Women’s financial access and inclusion as a tool to alleviate poverty has long been a hot topic, and at the heart of micro-lending, micro-credit, and group savings. GUIU is no stranger to the concept. In Uganda as in many other places, below a certain income range, it becomes increasingly difficult for women to open accounts at traditional banks and receive loans and other services. Lack of formal documentation is also another barrier. Literature and organizations such as Muhammed Yunus’s ‘Banker to the Poor’ and Kiva respectively, are often pointed to for best practices and expertise. GUIU realizes that without economic autonomy, women are unable to meet the basic needs of their children and themselves. In January 2014, we established the Young Women’s Economic Empowerment Program (YWEEP) for young women and mothers ages 16 – 35. The objective is to promote increased income generation through providing access to financial services, literacy, and management.

The Failures:

  • Small start-up capital: GUIU gave nine young women small start-up grants of $40 USD to enable them to start or build on existing business enterprises. However, we found that sudden expenses such as the compromised health of a child or school fees would take priority, and only a few of the women’s businesses were enhanced by the grant.
  • Revolving savings group: The young women also requested that we facilitate a more creative and locally-based financing model – the revolving savings group – where GUIU acted as a bank for the women. The initiative was spurred on by a group of young women seeking a safe space to manage their finances, generate investment capital for their businesses, as well as cover basic necessities within their households. GUIU established the revolving savings group wherein each woman contributed a small amount of money to the group savings, and another woman would receive the cumulative contribution each week. The group started off well, but with time many of the women were finding it difficult to make the payment each week.

Our solutions:

  • girlupuganda_financefailures_2Sewing our Futures Project/ Mazuri Designs: Rather than continuing to provide start-up capital to women, we followed an idea from one of the ladies to offer vocational trainings in tailoring and sewing to generate income. The Sewing our Futures Project started as a 6-month training program in March 2015 and opportunity for three young women to acquire vocational seamstress skills. At the same time, we identified the need to create a sustainable business that could hire the recently trained women and support Girl Up Uganda’s educational and leadership programs. Therefore, the project evolved into a fashion design social enterprise, with an independent website and public face – Mazuri Designs.
  • girlupuganda_financefailures_3Savings group: Since the revolving nature of the savings group did not suite the financial capacities of the members, GUIU restructured the group whereby each woman can save independently of each other and do not feel pressure to pay each week. Their savings are recorded in their savings booklets. This strategy has proven to be powerful — fostering accountability, transparency, trust, and a means to encourage saving.
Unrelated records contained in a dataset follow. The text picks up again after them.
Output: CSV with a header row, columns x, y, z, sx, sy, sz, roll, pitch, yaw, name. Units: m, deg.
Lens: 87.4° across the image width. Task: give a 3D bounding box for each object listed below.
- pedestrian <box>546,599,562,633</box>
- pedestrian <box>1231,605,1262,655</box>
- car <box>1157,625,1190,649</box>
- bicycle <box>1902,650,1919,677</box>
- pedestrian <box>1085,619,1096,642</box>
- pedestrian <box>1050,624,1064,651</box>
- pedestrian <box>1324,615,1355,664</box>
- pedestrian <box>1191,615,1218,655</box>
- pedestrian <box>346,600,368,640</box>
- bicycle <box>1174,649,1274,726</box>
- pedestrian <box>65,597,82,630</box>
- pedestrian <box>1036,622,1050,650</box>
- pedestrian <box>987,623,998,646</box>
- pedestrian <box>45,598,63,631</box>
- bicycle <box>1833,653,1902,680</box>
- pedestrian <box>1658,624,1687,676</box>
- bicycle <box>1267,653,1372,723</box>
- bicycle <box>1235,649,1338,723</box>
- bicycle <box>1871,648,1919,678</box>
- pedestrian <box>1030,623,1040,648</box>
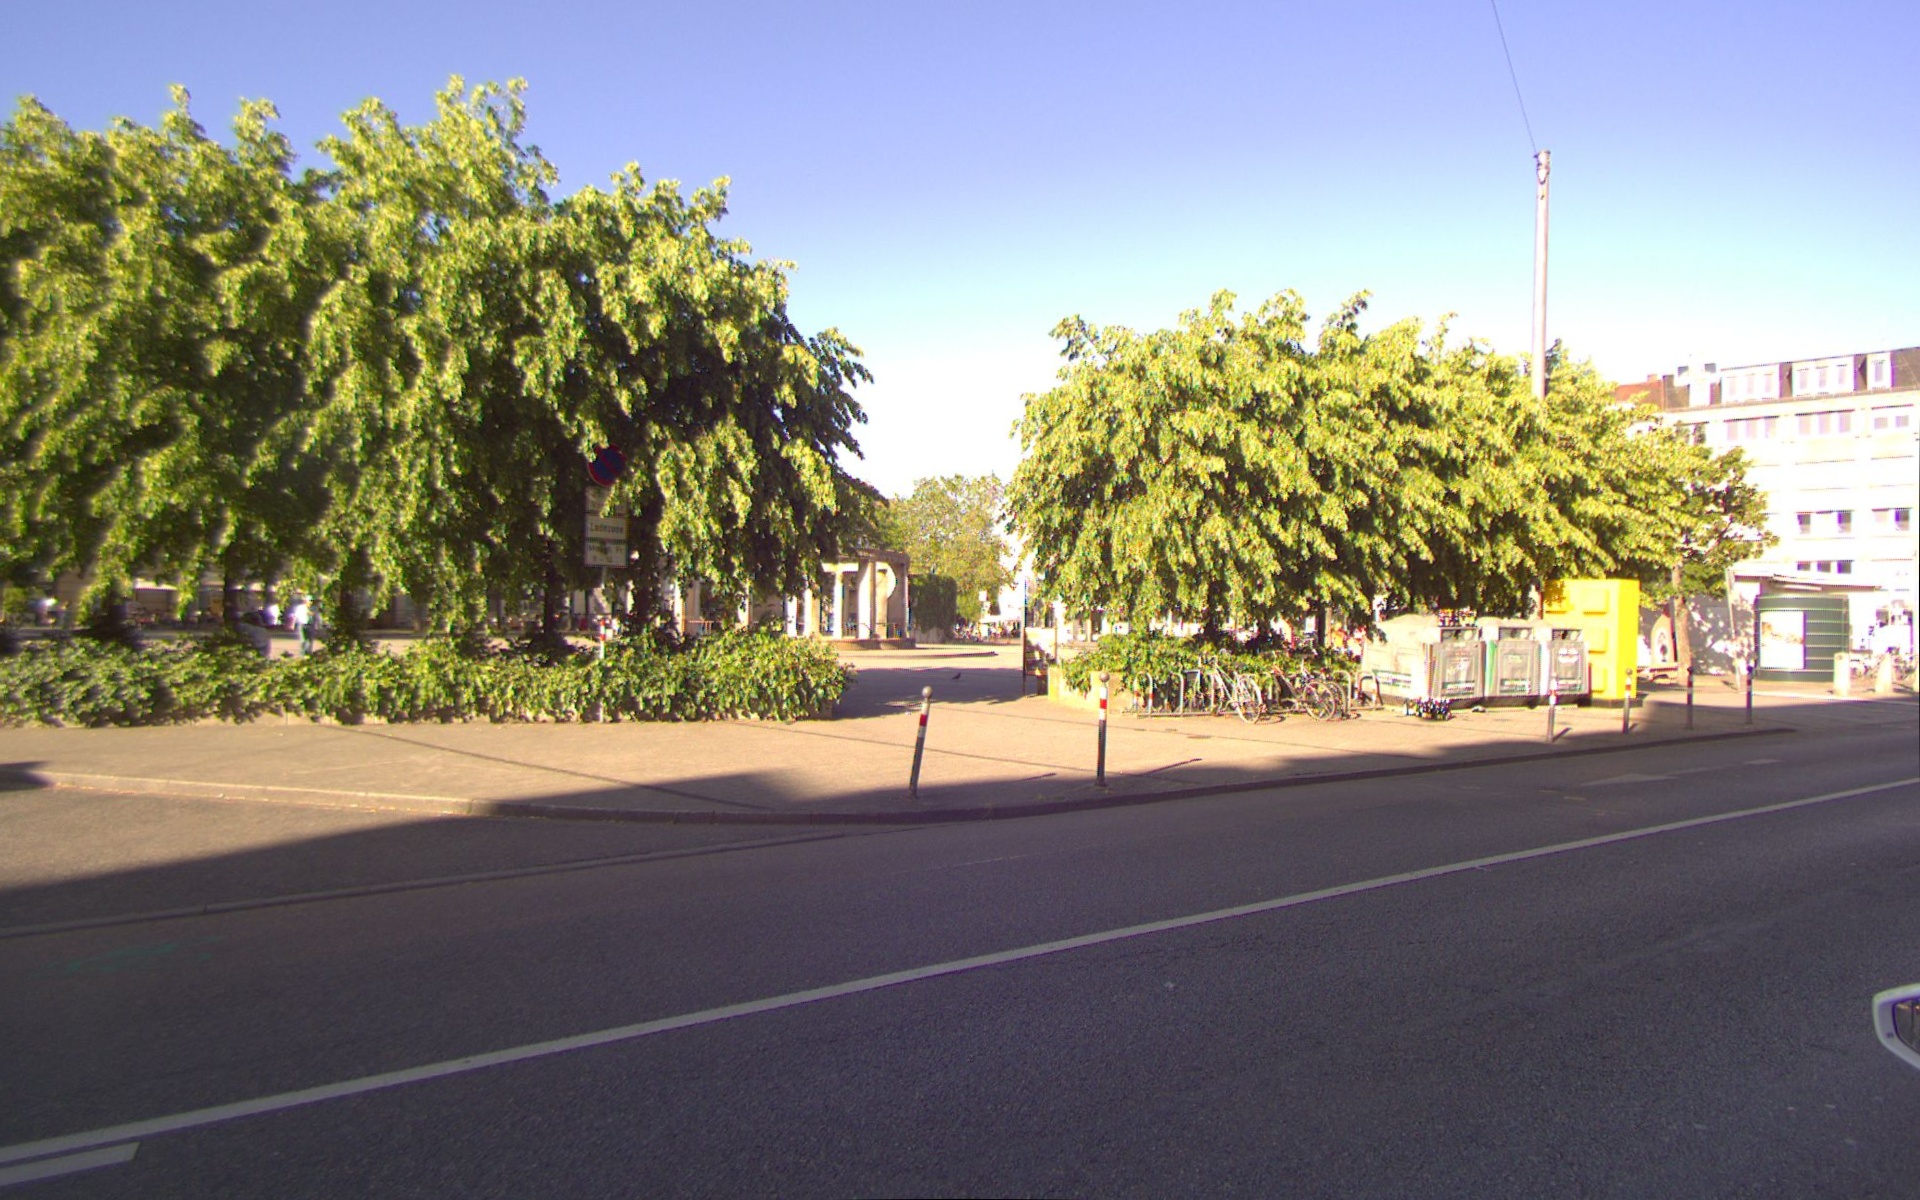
x,y,z,sx,sy,sz,roll,pitch,yaw,name
-23.393,0.914,57.851,0.669,1.974,0.634,2,0,-33,pedestrian
11.916,1.240,41.744,0.875,2.040,0.896,1,0,-17,pedestrian
13.949,2.395,65.680,1.658,1.405,3.575,1,-1,5,car
35.116,2.334,36.031,0.599,0.946,1.854,2,0,-30,bicycle
12.906,3.025,99.377,0.860,2.199,0.902,2,0,-5,pedestrian
7.426,2.850,77.250,0.860,2.040,0.902,2,0,-5,pedestrian
13.664,1.402,36.155,0.774,1.720,0.763,1,0,-6,pedestrian
12.706,1.796,52.166,1.014,2.040,1.159,1,0,-5,pedestrian
-26.757,0.907,44.575,0.599,1.744,0.644,2,0,37,pedestrian
4.075,1.328,15.659,0.508,1.029,1.930,2,0,-19,bicycle
-47.960,0.721,54.342,0.600,1.744,0.643,2,0,45,pedestrian
6.382,2.753,77.142,0.860,2.040,0.902,2,0,-5,pedestrian
2.944,3.142,91.939,0.860,2.040,0.902,2,0,-5,pedestrian
-49.087,0.773,54.415,0.600,1.744,0.643,2,0,45,pedestrian
30.824,2.246,34.133,0.600,0.802,1.634,2,0,-33,bicycle
24.626,1.730,34.705,0.701,1.739,0.474,2,0,-23,pedestrian
5.831,1.403,16.421,0.508,0.968,1.898,2,0,-20,bicycle
5.256,1.361,16.293,0.508,1.016,1.923,2,0,-20,bicycle
33.178,2.214,35.140,0.599,0.946,1.855,2,0,-30,bicycle
5.928,2.839,79.848,0.628,1.974,0.676,2,0,-7,pedestrian

In November 2015, Girl Up Uganda opened a savings bank account for the funds collected by the members since many of the women lack the proper identification to do so on their own. At the end of the year, one woman saved 1,470,000 UGX ($440 USD), showing the potential of having access to financial savings services.
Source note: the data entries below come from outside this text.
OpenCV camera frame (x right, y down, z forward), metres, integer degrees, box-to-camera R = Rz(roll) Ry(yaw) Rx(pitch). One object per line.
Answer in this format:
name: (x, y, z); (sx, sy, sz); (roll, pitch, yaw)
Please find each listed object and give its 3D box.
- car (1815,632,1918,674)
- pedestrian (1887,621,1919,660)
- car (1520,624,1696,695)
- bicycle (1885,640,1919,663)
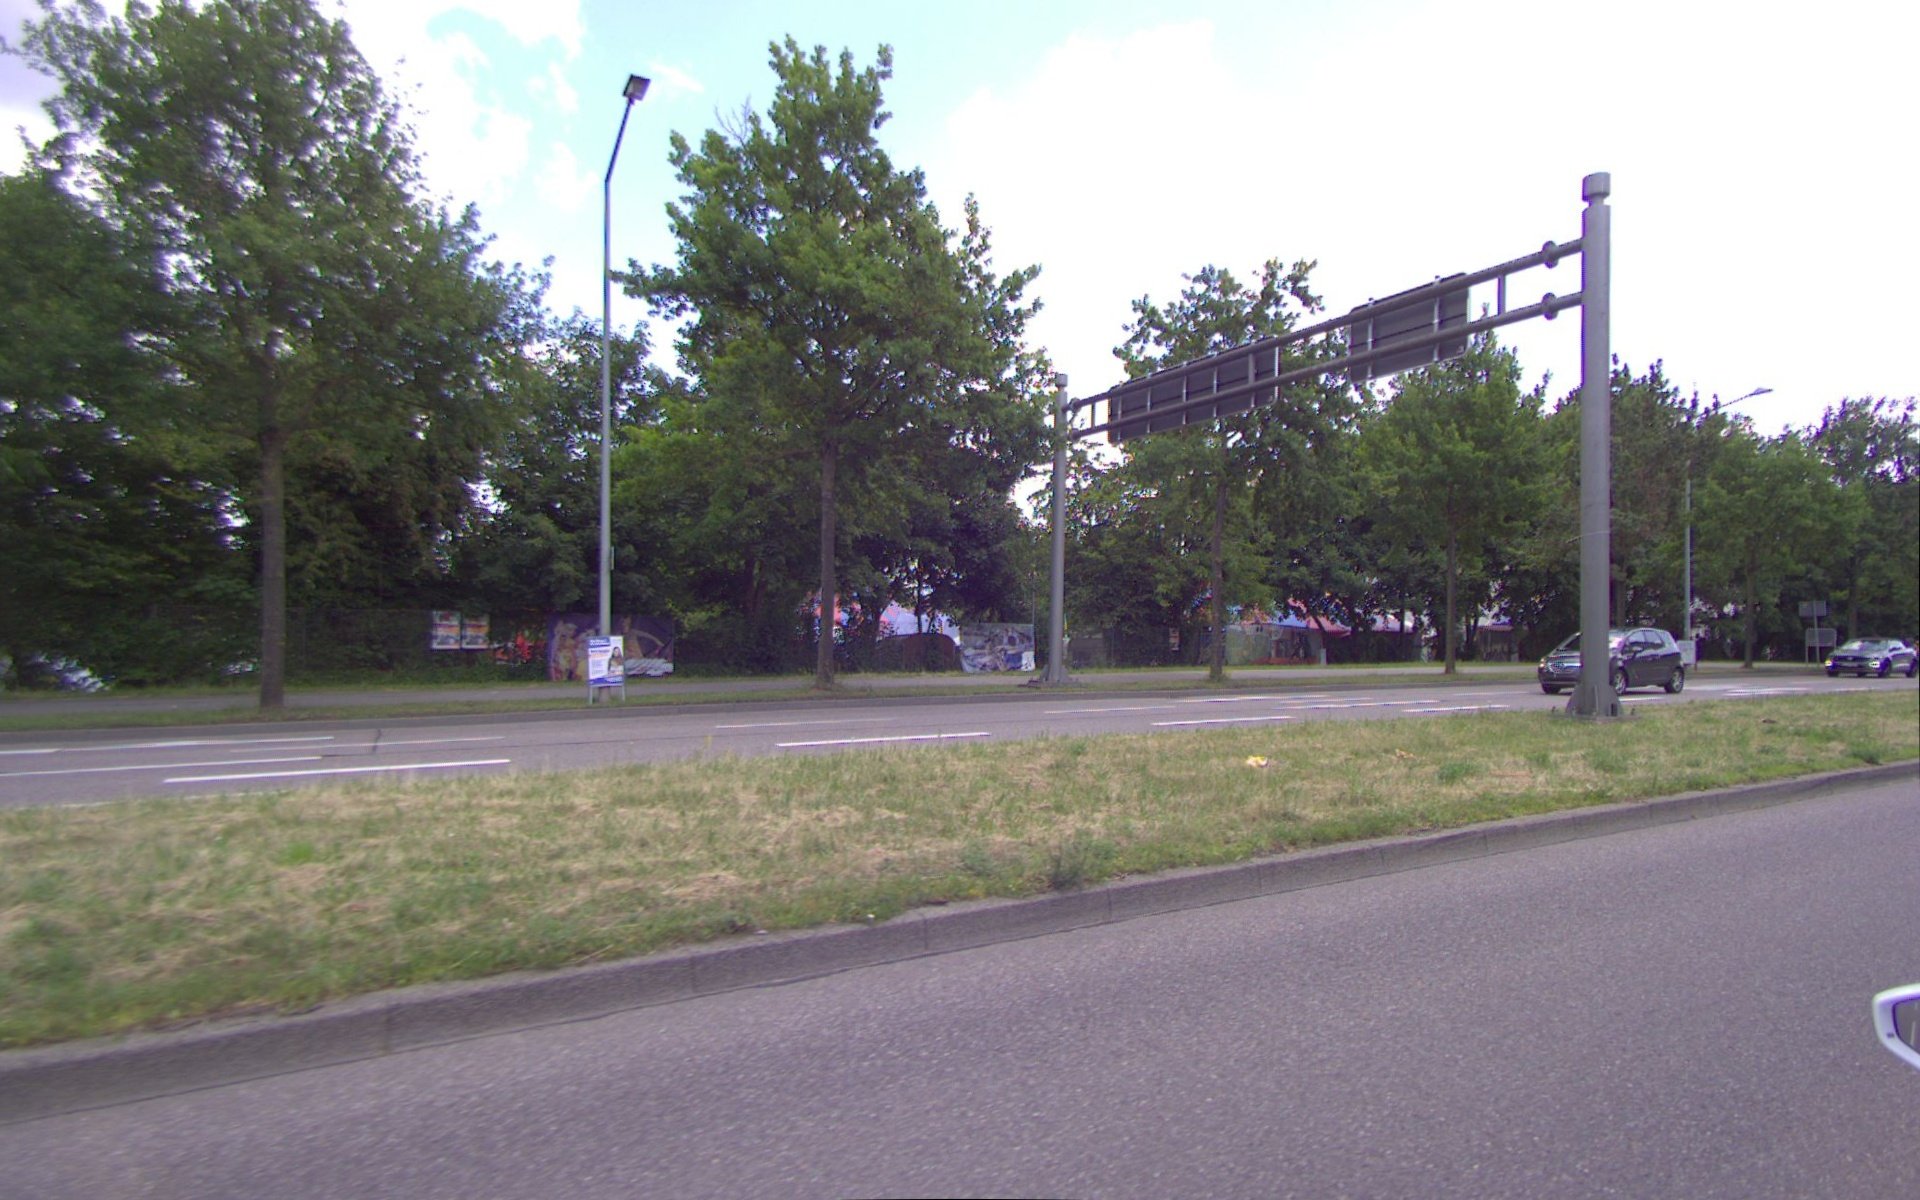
car: (35.418, 2.052, 39.231); (4.520, 1.566, 1.733); (1, -3, -31)
pedestrian: (52.046, 2.220, 55.376); (1.234, 2.041, 0.966); (1, 1, -29)
car: (15.742, 1.412, 24.383); (4.222, 1.589, 1.735); (1, -3, -28)
bicycle: (52.122, 2.819, 55.447); (2.472, 1.243, 0.804); (1, -2, -29)

As we celebrate International Women’s Day, let us not forget that as we step it up for gender equality with our various programmatic work, there are challenges and failures that we must accept along the way, and we can share with one another to create a strong women’s movement that is honest and transparent. As GUIU utilizes a people-centered approach – focused on local ownership and participation for sustainability – we are constantly listening to the needs and responses of the women, which shows us that not all programs work effectively. As a growing organization, we will continue to learn and expand with our beneficiaries leading the change, so  they can access economic opportunities just like the men can!